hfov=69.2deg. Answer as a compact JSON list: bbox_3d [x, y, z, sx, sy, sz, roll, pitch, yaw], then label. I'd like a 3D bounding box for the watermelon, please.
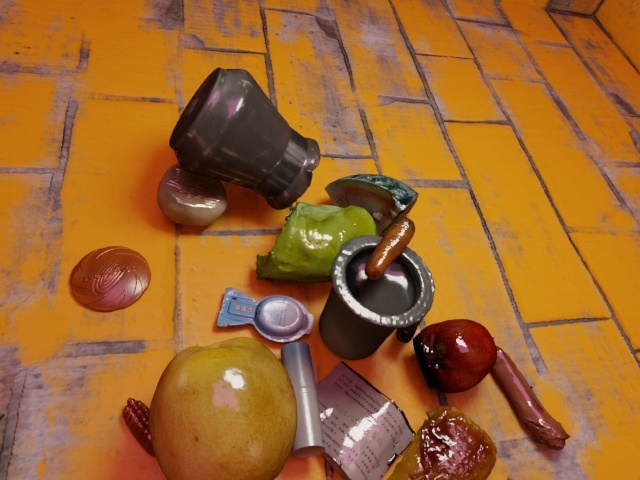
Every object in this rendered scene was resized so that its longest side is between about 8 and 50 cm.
[{"bbox_3d":[0.145,-0.098,1.402,0.290,0.213,0.320,15,9,1],"label":"watermelon"}]

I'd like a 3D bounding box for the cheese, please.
[{"bbox_3d":[-0.138,0.194,1.206,0.245,0.052,0.135,12,51,-5],"label":"cheese"}]

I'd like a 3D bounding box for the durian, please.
[{"bbox_3d":[0.000,0.000,1.277,0.340,0.204,0.255,6,58,-2],"label":"durian"}]

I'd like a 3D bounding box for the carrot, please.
[{"bbox_3d":[0.155,0.018,1.045,0.060,0.060,0.186,34,61,10],"label":"carrot"}]

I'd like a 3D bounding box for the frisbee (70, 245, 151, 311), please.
[{"bbox_3d":[-0.537,0.089,1.187,0.192,0.035,0.192,6,55,-9],"label":"frisbee"}]

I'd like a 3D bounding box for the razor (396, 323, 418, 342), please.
[{"bbox_3d":[0.240,0.212,1.236,0.054,0.090,0.148,23,21,18],"label":"razor"}]

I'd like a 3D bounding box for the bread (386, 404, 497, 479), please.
[{"bbox_3d":[0.239,0.548,1.022,0.185,0.109,0.380,39,57,12],"label":"bread"}]

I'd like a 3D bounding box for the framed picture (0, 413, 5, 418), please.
[{"bbox_3d":[-0.692,0.377,0.797,0.231,0.293,0.018,-28,91,-30],"label":"framed picture"}]

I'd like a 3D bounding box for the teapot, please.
[{"bbox_3d":[-0.211,-0.265,1.304,0.362,0.376,0.305,33,81,-30],"label":"teapot"}]

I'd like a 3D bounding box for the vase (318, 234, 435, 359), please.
[{"bbox_3d":[0.117,0.164,1.144,0.245,0.291,0.245,6,54,-8],"label":"vase"}]

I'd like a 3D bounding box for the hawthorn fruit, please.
[{"bbox_3d":[0.361,0.293,1.194,0.252,0.189,0.189,-3,57,-26],"label":"hawthorn fruit"}]

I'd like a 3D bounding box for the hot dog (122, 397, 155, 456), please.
[{"bbox_3d":[-0.378,0.402,1.006,0.062,0.038,0.144,-35,70,-31],"label":"hot dog"}]

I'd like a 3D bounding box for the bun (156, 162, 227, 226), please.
[{"bbox_3d":[-0.365,-0.121,1.324,0.193,0.128,0.178,19,51,-15],"label":"bun"}]

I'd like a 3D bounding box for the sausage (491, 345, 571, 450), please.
[{"bbox_3d":[0.527,0.403,1.218,0.078,0.078,0.304,-17,59,-24],"label":"sausage"}]

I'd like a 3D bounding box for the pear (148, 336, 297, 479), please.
[{"bbox_3d":[-0.187,0.353,0.934,0.315,0.314,0.314,7,55,-10],"label":"pear"}]

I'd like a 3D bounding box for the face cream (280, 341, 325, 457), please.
[{"bbox_3d":[-0.045,0.362,1.076,0.077,0.077,0.250,1,47,-14],"label":"face cream"}]

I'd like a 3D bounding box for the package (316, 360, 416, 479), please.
[{"bbox_3d":[0.080,0.430,1.093,0.251,0.062,0.204,41,55,19],"label":"package"}]

_What this task involves_. Omit the pictures and set down the records exactly.

_Solution_.
hfov=69.2deg. Answer as a compact JSON list: bbox_3d [x, y, z, sx, sy, sz, roll, pitch, yaw], then label. I'd like a 3D bounding box for the watermelon, please.
Every object in this rendered scene was resized so that its longest side is between about 8 and 50 cm.
[{"bbox_3d":[0.145,-0.098,1.402,0.290,0.213,0.320,15,9,1],"label":"watermelon"}]

I'd like a 3D bounding box for the cheese, please.
[{"bbox_3d":[-0.138,0.194,1.206,0.245,0.052,0.135,12,51,-5],"label":"cheese"}]

I'd like a 3D bounding box for the durian, please.
[{"bbox_3d":[0.000,0.000,1.277,0.340,0.204,0.255,6,58,-2],"label":"durian"}]

I'd like a 3D bounding box for the carrot, please.
[{"bbox_3d":[0.155,0.018,1.045,0.060,0.060,0.186,34,61,10],"label":"carrot"}]

I'd like a 3D bounding box for the frisbee (70, 245, 151, 311), please.
[{"bbox_3d":[-0.537,0.089,1.187,0.192,0.035,0.192,6,55,-9],"label":"frisbee"}]

I'd like a 3D bounding box for the razor (396, 323, 418, 342), please.
[{"bbox_3d":[0.240,0.212,1.236,0.054,0.090,0.148,23,21,18],"label":"razor"}]

I'd like a 3D bounding box for the bread (386, 404, 497, 479), please.
[{"bbox_3d":[0.239,0.548,1.022,0.185,0.109,0.380,39,57,12],"label":"bread"}]

I'd like a 3D bounding box for the framed picture (0, 413, 5, 418), please.
[{"bbox_3d":[-0.692,0.377,0.797,0.231,0.293,0.018,-28,91,-30],"label":"framed picture"}]

I'd like a 3D bounding box for the teapot, please.
[{"bbox_3d":[-0.211,-0.265,1.304,0.362,0.376,0.305,33,81,-30],"label":"teapot"}]

I'd like a 3D bounding box for the vase (318, 234, 435, 359), please.
[{"bbox_3d":[0.117,0.164,1.144,0.245,0.291,0.245,6,54,-8],"label":"vase"}]

I'd like a 3D bounding box for the hawthorn fruit, please.
[{"bbox_3d":[0.361,0.293,1.194,0.252,0.189,0.189,-3,57,-26],"label":"hawthorn fruit"}]

I'd like a 3D bounding box for the hot dog (122, 397, 155, 456), please.
[{"bbox_3d":[-0.378,0.402,1.006,0.062,0.038,0.144,-35,70,-31],"label":"hot dog"}]

I'd like a 3D bounding box for the bun (156, 162, 227, 226), please.
[{"bbox_3d":[-0.365,-0.121,1.324,0.193,0.128,0.178,19,51,-15],"label":"bun"}]

I'd like a 3D bounding box for the sausage (491, 345, 571, 450), please.
[{"bbox_3d":[0.527,0.403,1.218,0.078,0.078,0.304,-17,59,-24],"label":"sausage"}]

I'd like a 3D bounding box for the pear (148, 336, 297, 479), please.
[{"bbox_3d":[-0.187,0.353,0.934,0.315,0.314,0.314,7,55,-10],"label":"pear"}]

I'd like a 3D bounding box for the face cream (280, 341, 325, 457), please.
[{"bbox_3d":[-0.045,0.362,1.076,0.077,0.077,0.250,1,47,-14],"label":"face cream"}]

I'd like a 3D bounding box for the package (316, 360, 416, 479), please.
[{"bbox_3d":[0.080,0.430,1.093,0.251,0.062,0.204,41,55,19],"label":"package"}]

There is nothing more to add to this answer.